US Steel and Nippon Steel

It’s bad enough that the Steelers have only won one playoff game in the last thirteen years; now their namesake, US Steel, is about to be purchased by a Japanese steel company. Talk about adding insult to injury! The recent news that Nippon Steel is in negotiations to purchase US Steel for something a little less than fifteen billion dollars has caused massive consternation locally and has attracted significant interest nationally.

In 1901 J. P. Morgan orchestrated the merger of Carnegie Steel, Federal Steel, American Steel and Wire, and a number of smaller companies, creating United States Steel, the largest corporation in the world, with a value of 1.4 billion dollars (equivalent to 50 billion dollars today). That year they had 168,000 employees and produced nine million tons of steel. The company grew steadily, peaking out with 340,000 employees in 1943. Their biggest year for steel production was 1953, when they produced 35 million tons of steel. At this point their value was about 100 billion dollars. The perception of US Steel that most of us in Pittsburgh have is based on a memory of those days. It is hard for us to realize that this mammoth company of our youth has shrunk to 22,000 employees producing 16 million tons of steel a year and worth only 15 billion dollars.

Even worse than this is the fact that steel production worldwide has skyrocketed in the intervening years, and that our nation’s percentage of world production has shrunk dramatically. In 1967 we produced 115 million tons of steel, about 29 % of the world’s total of 400 million tons. By 2020 the world’s production total was about 1.8 billion tons; our total was 73 million tons, a mere 4 %. The biggest difference of course is China, which produced over one billion tons of steel that year, thirty times as much as US Steel at its peak!

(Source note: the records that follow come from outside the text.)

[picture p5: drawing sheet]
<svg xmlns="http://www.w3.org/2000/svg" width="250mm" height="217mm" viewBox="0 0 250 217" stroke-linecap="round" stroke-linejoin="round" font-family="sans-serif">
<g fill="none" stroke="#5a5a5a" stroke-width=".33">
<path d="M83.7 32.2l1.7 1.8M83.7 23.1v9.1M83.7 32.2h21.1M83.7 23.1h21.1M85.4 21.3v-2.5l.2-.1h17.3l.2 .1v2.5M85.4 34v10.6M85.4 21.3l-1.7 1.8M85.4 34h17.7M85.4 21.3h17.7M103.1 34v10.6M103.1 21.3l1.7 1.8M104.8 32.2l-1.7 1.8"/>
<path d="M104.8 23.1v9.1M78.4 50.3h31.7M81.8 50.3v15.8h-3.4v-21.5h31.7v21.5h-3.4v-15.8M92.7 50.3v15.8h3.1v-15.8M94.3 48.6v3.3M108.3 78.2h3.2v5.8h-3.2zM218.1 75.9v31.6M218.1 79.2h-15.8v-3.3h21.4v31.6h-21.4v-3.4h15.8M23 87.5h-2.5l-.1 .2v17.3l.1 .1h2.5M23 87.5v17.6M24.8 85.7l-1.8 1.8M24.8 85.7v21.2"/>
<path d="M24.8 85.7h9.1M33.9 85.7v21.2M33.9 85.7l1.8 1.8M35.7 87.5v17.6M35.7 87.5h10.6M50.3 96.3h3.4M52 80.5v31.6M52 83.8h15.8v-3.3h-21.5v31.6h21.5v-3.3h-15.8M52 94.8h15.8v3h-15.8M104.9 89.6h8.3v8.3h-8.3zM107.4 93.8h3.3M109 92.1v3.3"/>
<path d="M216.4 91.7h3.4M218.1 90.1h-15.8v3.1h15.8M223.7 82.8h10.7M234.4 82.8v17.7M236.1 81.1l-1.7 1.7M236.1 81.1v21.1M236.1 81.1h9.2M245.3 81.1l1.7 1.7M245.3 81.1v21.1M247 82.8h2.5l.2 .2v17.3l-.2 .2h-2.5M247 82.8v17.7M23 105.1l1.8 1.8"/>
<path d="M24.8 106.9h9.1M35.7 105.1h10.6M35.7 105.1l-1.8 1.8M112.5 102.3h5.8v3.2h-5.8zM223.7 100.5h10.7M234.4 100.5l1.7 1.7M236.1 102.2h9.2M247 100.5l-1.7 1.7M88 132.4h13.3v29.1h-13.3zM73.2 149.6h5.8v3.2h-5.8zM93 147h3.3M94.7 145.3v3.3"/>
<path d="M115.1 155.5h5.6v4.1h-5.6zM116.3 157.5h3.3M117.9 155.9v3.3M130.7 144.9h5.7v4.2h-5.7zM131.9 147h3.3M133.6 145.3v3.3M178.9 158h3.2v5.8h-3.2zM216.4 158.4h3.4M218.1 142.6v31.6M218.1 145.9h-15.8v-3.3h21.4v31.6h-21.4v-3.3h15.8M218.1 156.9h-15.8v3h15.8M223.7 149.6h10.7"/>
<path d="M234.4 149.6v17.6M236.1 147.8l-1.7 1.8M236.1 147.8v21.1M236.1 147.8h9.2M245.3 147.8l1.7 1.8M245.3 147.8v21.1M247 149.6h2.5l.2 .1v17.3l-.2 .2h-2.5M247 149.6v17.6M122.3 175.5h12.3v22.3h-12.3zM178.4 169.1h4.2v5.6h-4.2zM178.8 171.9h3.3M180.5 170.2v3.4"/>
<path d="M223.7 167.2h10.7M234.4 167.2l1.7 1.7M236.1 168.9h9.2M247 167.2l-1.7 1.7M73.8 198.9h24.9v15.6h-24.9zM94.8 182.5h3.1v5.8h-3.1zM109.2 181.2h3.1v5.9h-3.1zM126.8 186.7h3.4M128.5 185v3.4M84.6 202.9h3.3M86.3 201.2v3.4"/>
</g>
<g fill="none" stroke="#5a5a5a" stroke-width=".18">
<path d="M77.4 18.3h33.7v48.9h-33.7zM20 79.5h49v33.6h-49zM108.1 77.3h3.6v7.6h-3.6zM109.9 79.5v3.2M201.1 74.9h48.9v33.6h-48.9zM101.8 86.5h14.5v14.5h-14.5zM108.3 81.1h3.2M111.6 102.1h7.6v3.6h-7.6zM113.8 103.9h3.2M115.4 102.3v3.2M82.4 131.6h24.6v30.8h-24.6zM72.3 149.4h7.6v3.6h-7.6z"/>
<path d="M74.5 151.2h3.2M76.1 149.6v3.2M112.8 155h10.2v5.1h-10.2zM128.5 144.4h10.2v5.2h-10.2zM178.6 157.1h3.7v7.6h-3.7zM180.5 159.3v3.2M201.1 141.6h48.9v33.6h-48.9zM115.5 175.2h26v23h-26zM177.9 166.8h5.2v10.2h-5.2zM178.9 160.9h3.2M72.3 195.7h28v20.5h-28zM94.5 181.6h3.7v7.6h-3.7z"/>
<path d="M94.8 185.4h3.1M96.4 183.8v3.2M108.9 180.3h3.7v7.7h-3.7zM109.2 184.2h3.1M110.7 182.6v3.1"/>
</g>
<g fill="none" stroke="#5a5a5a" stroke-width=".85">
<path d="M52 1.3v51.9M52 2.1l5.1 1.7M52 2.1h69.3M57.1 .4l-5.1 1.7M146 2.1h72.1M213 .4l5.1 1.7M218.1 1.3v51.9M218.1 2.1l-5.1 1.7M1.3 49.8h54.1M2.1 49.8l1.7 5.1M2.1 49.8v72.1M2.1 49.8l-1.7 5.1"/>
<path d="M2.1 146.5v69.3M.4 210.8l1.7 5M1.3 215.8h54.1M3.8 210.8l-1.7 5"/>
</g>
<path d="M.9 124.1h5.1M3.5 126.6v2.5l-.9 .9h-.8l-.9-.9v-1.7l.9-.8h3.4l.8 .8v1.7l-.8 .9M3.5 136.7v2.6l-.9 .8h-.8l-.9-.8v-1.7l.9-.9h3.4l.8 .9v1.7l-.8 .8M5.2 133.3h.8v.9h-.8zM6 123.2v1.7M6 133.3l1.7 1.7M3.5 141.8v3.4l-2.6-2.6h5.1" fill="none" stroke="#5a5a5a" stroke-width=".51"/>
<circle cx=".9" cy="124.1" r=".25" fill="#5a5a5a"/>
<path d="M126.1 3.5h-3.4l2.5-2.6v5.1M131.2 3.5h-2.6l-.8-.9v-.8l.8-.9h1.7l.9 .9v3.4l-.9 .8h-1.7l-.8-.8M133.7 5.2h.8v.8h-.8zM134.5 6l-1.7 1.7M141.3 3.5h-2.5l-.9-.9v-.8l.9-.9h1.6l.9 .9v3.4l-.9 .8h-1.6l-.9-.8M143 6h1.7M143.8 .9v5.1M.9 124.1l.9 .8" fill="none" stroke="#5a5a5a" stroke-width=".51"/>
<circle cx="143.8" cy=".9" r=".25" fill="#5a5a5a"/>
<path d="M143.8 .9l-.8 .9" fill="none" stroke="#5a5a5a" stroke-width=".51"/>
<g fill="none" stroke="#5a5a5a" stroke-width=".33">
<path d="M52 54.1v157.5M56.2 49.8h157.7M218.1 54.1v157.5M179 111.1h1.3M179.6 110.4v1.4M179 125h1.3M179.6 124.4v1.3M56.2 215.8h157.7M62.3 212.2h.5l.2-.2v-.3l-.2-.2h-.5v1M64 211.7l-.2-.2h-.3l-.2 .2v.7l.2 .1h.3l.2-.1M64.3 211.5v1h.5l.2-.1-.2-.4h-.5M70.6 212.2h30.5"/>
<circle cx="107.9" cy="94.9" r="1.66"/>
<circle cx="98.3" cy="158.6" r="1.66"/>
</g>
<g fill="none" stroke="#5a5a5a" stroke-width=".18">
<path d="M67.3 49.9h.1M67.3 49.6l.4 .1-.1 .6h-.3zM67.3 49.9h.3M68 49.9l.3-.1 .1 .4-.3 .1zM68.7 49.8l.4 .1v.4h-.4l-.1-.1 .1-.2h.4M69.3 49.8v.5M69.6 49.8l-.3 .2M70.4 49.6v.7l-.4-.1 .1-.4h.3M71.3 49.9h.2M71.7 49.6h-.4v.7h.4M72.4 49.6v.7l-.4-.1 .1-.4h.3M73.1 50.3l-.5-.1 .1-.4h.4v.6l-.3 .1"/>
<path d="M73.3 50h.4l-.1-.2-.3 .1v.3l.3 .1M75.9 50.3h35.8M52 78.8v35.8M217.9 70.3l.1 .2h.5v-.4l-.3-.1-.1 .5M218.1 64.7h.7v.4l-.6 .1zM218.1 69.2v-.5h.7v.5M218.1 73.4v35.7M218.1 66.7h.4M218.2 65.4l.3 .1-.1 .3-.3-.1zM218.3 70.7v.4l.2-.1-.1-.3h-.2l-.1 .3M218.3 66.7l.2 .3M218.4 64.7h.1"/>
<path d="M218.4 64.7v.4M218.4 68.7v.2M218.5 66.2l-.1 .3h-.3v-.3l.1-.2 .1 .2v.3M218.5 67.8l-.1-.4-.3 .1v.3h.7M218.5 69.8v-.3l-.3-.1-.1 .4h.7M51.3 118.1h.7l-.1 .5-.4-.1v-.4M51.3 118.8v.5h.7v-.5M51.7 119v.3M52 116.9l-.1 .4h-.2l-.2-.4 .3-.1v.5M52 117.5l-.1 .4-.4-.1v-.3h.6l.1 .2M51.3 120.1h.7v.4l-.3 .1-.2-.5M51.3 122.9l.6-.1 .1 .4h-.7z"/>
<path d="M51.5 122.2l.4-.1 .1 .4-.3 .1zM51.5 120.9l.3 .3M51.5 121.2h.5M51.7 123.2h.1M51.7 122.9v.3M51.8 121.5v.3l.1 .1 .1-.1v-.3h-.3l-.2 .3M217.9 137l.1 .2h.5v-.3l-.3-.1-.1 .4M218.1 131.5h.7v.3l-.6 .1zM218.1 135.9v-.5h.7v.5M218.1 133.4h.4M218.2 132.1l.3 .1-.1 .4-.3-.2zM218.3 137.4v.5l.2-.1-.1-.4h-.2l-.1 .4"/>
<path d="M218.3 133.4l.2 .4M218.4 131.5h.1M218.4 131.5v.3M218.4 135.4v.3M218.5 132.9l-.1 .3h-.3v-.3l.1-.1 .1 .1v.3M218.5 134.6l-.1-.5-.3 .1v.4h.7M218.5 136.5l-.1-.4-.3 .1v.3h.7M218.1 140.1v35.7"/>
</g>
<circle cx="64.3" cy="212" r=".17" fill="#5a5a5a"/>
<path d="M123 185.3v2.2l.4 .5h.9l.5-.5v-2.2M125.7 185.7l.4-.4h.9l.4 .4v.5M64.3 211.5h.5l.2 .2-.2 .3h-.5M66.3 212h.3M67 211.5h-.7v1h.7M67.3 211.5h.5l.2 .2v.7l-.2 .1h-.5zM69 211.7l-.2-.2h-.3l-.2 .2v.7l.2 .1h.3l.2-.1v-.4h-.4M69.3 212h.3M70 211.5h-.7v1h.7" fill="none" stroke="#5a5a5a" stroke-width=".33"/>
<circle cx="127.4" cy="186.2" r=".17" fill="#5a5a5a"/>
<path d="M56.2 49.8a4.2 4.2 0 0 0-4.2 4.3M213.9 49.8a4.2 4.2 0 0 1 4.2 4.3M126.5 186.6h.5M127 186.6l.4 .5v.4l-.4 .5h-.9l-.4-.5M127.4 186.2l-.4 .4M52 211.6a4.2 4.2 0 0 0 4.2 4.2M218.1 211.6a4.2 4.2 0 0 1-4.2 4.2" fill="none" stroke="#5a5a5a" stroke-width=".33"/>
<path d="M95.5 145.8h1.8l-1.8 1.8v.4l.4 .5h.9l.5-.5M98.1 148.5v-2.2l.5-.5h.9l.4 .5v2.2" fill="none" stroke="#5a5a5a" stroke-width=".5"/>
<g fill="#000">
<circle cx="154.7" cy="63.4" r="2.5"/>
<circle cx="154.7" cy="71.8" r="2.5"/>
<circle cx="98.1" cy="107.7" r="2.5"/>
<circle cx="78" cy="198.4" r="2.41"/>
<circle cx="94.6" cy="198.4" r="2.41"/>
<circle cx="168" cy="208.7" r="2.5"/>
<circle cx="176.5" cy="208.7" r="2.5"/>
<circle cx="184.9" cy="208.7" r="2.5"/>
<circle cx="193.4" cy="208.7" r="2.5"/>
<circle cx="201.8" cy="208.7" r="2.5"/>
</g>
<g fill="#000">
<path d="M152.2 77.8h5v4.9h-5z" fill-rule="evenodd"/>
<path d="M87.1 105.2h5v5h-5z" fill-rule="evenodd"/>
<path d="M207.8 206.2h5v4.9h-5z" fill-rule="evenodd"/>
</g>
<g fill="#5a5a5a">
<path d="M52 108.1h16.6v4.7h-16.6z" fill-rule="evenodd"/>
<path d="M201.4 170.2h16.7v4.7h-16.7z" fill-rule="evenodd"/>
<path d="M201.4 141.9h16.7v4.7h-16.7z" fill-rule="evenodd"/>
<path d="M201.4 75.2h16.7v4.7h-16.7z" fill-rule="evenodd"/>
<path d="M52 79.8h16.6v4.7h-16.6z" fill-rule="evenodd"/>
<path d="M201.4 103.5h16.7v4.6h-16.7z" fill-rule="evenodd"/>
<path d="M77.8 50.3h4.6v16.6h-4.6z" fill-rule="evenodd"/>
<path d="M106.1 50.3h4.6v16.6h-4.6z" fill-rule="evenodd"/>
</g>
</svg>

In the interim most of the other major American steel companies, including Bethlehem, J & L, and National Steel, disappeared completely, with many of their facilities being shut down entirely and the rest acquired indirectly by Cleveland-Cliffs, the apparent loser in the competition to buy US Steel. A new group of companies arose, focusing solely on recycling scrap in “mini-mills”. Nucor and Steel Dynamics are the largest firms in this category. Mini-mills have become the darlings of the environmentalists, because they are able to produce steel without the pollution inherent in conventional integrated steel mills. Traditionally, steel is produced by refining pig iron which has been produced in blast furnaces from a combination of iron ore (iron oxide), coke (carbon), and limestone. In addition to dramatically reducing pollution, mini-mills are capable of producing steel more cost-effectively than traditional integrated mills, as long as the price of scrap is low enough. Their competition, combined with the importing of cheaper foreign steel, is the primary reason that US Steel’s annual production today is about half of what is was seventy years ago.

If that is the case, why don’t we listen to the environmentalists and convert all of our conventional steel making facilities to mini-mills? The problem is the availability of scrap. We already recycle as much steel as possible, enough to provide raw materials for about 500 million tons of finished steel from mini-mills each year. Like it or not, the remaining 1.3 billion tons must come from integrated mills – coke ovens and blast furnaces producing pig iron, and basic oxygen furnaces to refine it. This year alone, twenty-one new blast furnaces were built in Asia (the most recent one in the United States was built in 1980 by now-defunct Bethlehem Steel).

Another reason US Steel’s number of employees has shrunk is the consequence of technology. In 1985 my employer, the Dravo Corporation, built a modern electric arc furnace/rolling mill facility for the Timken Company, to produce high quality steel for tapered roller bearings. In addition to improving the quality of their product, this facility reduced the number of man-hours required to produce steel from 9.0 to 2.0. In the 1950s US Steel needed 340,000 employees to produce 35 million tons of steel a year (106 annual tons per employee). Last year they produced 16 million tons with 22,000 employees (727 annual tons per employee). This 700 % increase in productivity, not foreign competition, is the principal reason Braddock and Homestead are cursed with unemployment.

Nonetheless, foreign competition is difficult. In addition to the fact that their facilities are new enough to eemploy technologies that have taken advantage of great leaps forward in productivity, their labor costs are still a tiny fraction of ours. Average income in the United States is six times that in China and thirty-two times that in India. Couple that with the remarkable cost-effectiveness of trans-oceanic shipping today and it is easy to see why American firms have problems trying to compete with the developing nations.

So, why is Nippon Steel interested in paying a premium to acquire US Steel? I suspect their management is aware of several basic truths. Two thirds of the steel currently produced world-wide is by traditional integrated plants. The global demand for steel will continue to grow more rapidly than the availability of scrap to be remelted. Consequently, modern coke plants and blast furnaces will increase in value. US Steel owns half the coke plants and blast furnaces in the United States. The most cost-effective way for Nippon to acquire this value is to purchase US Steel.